Cheers for the offer Sausage Boy! Before I do I'll give a little update:

Alpha works, I wasn't saving the file properly (I still had an opaque background which I've deleted). The image is still greyscale however, but the parts which are not semi-transparent are not semi-transparent in the game now.

#123397 - silent_code - Tue Mar 27, 2007 10:00 pm

sounds like you only copy one "channel byte", instead of all three. also remember that the channel order is not rgba on nds (15 bit color).

i'll release a demo showing off different things (mainly shadow volumes) in "a few days" and it includes .tga loading. maybe that'll help.

happy coding!


Last edited by silent_code on Tue Mar 27, 2007 11:03 pm; edited 1 time in total

#123405 - Rajveer - Tue Mar 27, 2007 10:42 pm

When you say I only copy one channel byte, do you mean when loading the file into VRAM? If so how would I copy the rest?

I'll look forward to your demo coming out in a few days, might clear it up!

#123406 - silent_code - Tue Mar 27, 2007 10:55 pm

it very much depends on what texture format you use. and i'm talking about loading... heck i overlooked you use texmex.

in general: assuming your file is rgba, you'd read a byte (red), then another (green) and another one (blue) plus alpha and convert them to each 5 bit then recombine them to a 15bit value, when using 15/16bit textures. you could also read a whole 32bit word texel (if you can) and separate the channels.

i haven't worked with texmex, so i'm of no big help with that. i can only say that it definitely sounds like you have that problem.

ps: i can't guarantee it'll be there in "a few days", as i don't have inet at home, but i'll have it done in a reasonable time. (it's near completion already).

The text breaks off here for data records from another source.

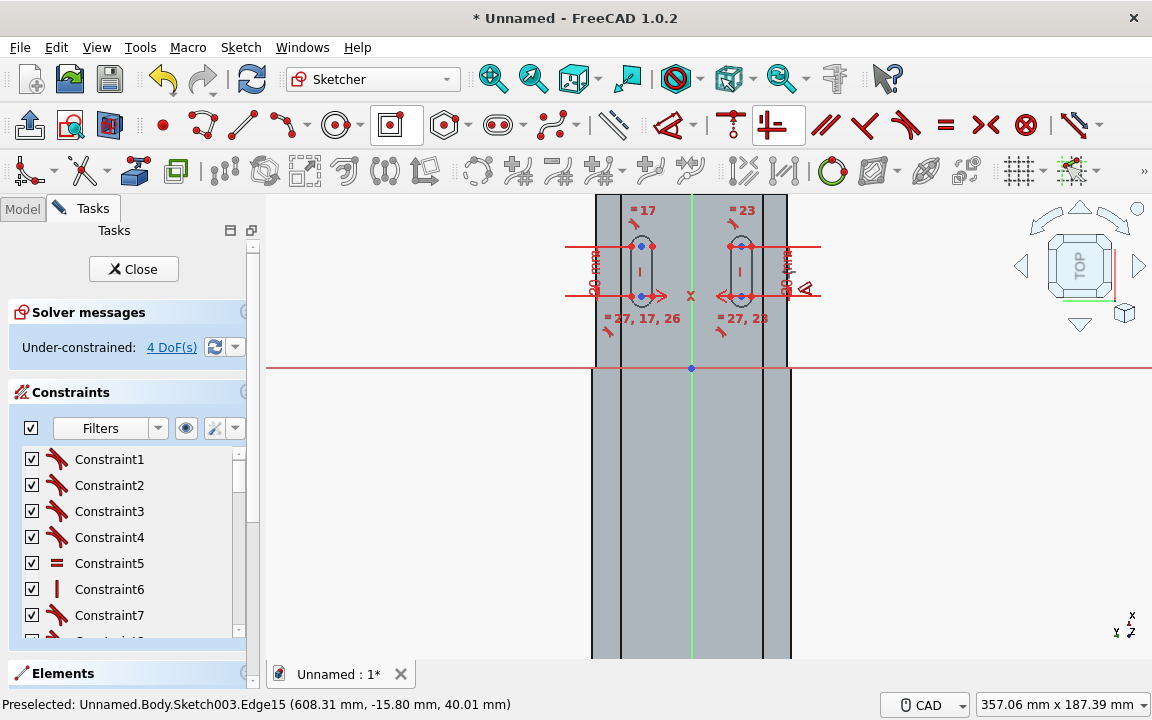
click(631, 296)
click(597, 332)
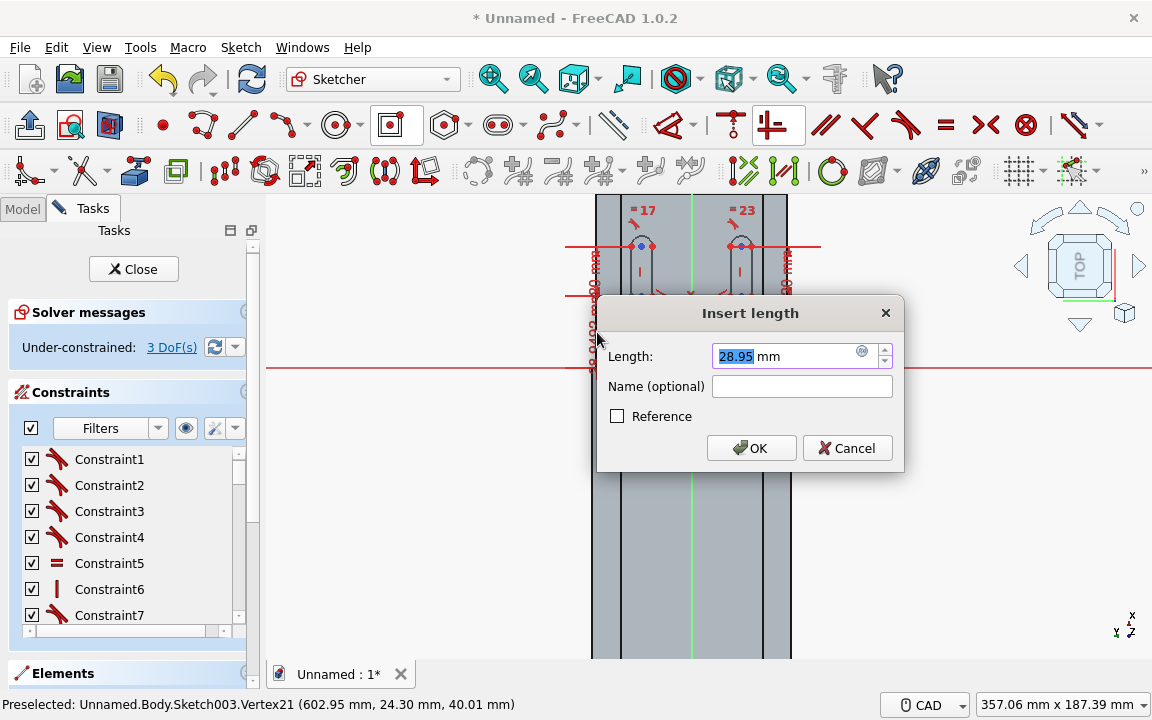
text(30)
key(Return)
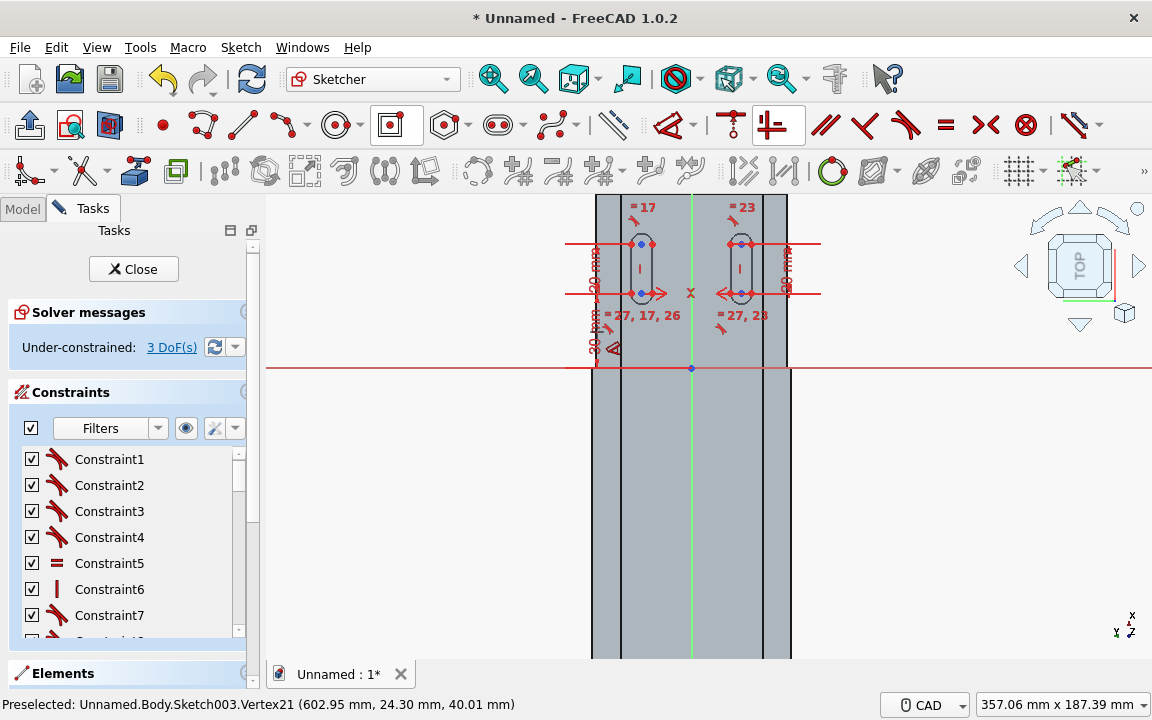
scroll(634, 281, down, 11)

#123501 - Rajveer - Wed Mar 28, 2007 5:16 pm

Ok I've been reading up on some things, and realise I haven't been setting up a palette or anything. Some examples only load the texture, but in the palette cube demo (where transparent textures are used) palettes are setup for each texture. Is this also where I could be going wrong? Could somebody please explain/point me to what/why I'd use a paletted texture?

I'm sure I'm not doing anything else wrong: other people have been using the exact same method of converting a 24-bit PNG with transparency enabled with TexMex mode 1 and getting it to work...

#123531 - tepples - Wed Mar 28, 2007 9:53 pm

Rajveer wrote:
Could somebody please explain/point me to what/why I'd use a paletted texture?

Why? More detail. With 4-bit paletted textures: 262144 texels per VRAM bank. With 16-bit direct color textures: 65536 texels per VRAM bank.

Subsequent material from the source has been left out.